Activity: Transcribe all the data below exactly, leaving its pictures out.

Data for review:
────────────────────────────────────────

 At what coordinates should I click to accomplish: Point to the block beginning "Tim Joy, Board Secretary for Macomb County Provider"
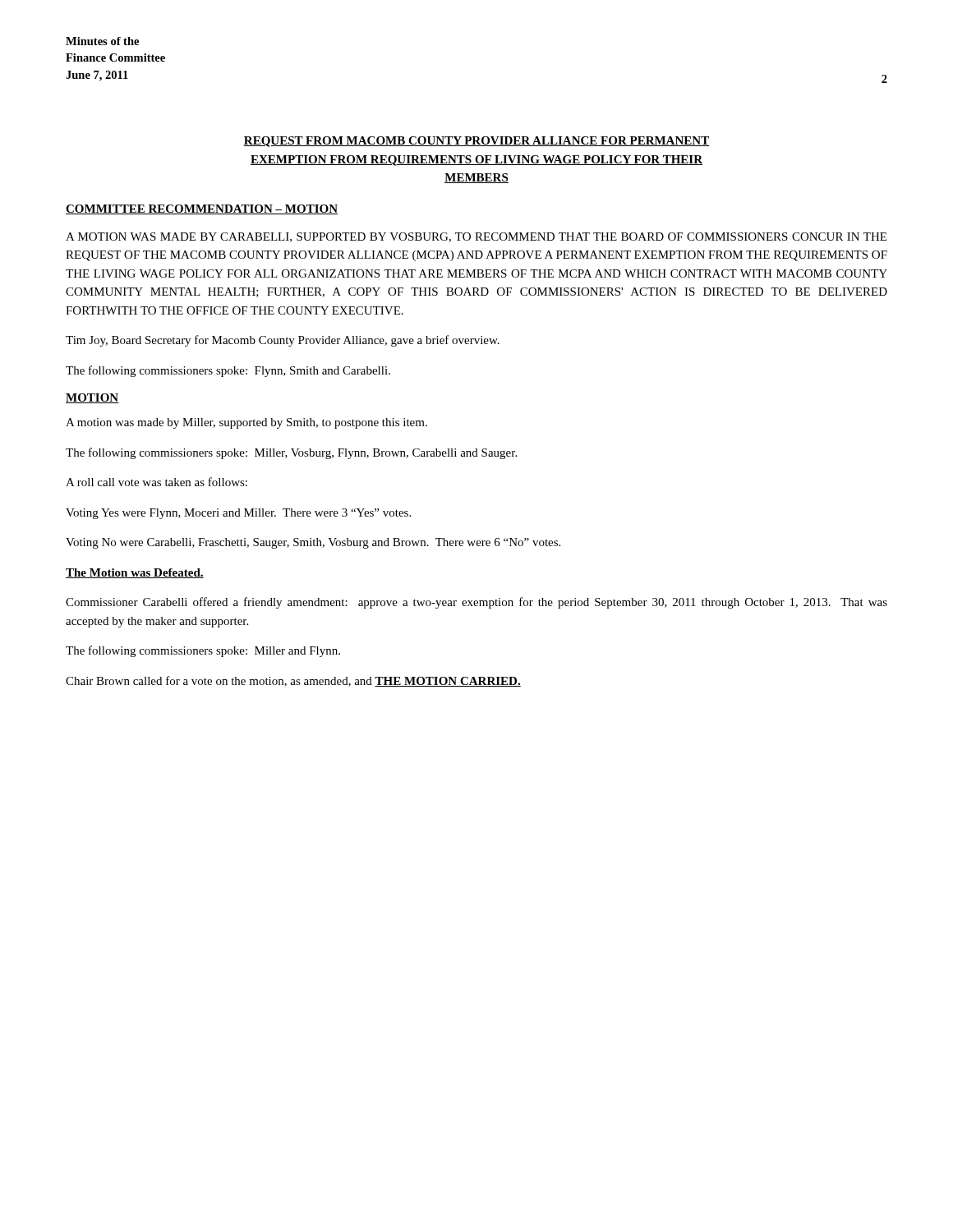[x=283, y=340]
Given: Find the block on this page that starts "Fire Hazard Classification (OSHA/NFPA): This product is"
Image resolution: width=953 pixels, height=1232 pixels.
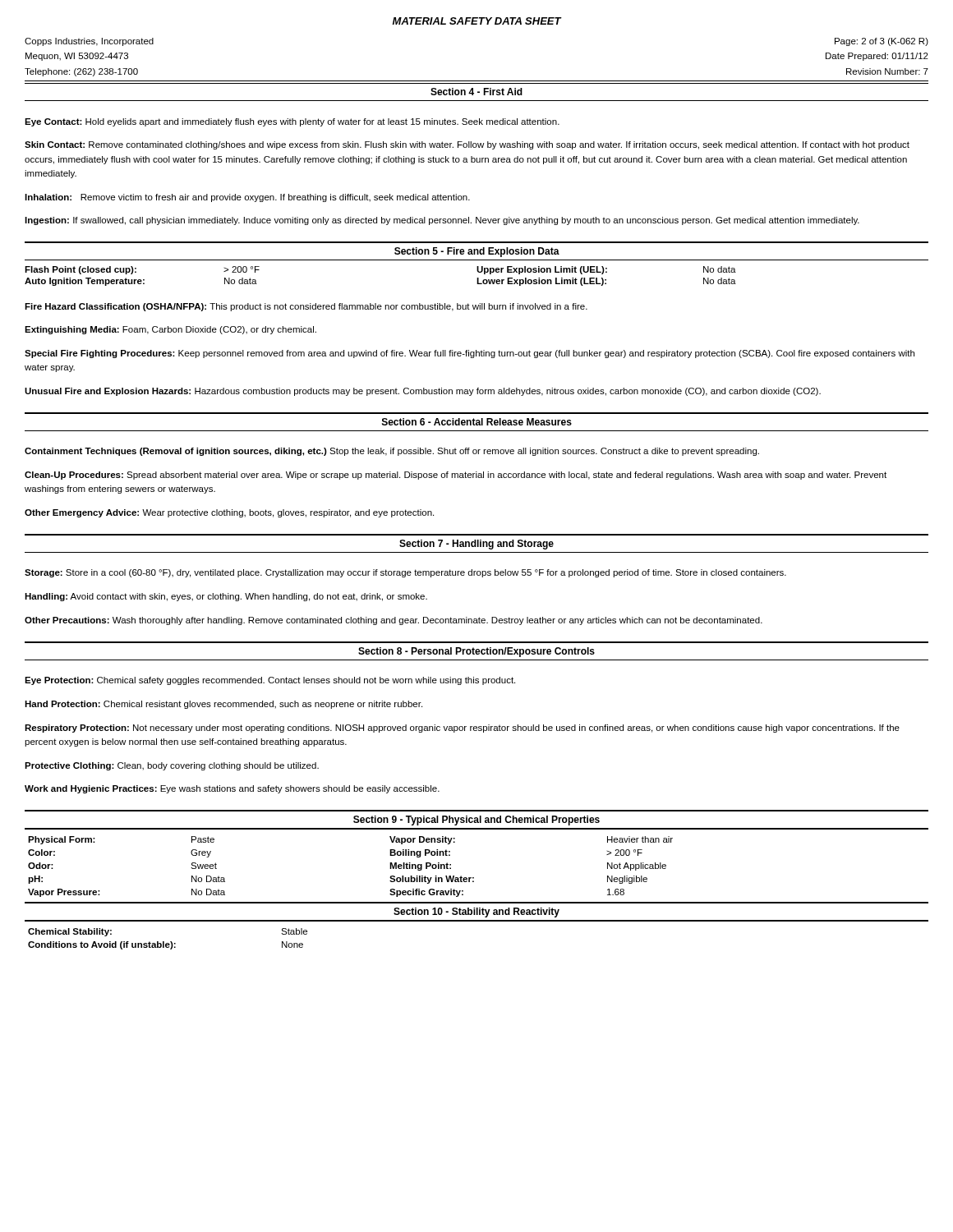Looking at the screenshot, I should tap(476, 349).

────────────────────────────────────────

Answer to the problem:
 At what coordinates should I click to accomplish: Point to the block beginning "Tim Joy, Board Secretary for Macomb County Provider"
[x=283, y=340]
Given: Find the block on this page that starts "Fire Hazard Classification (OSHA/NFPA): This product is"
Image resolution: width=953 pixels, height=1232 pixels.
Looking at the screenshot, I should tap(476, 349).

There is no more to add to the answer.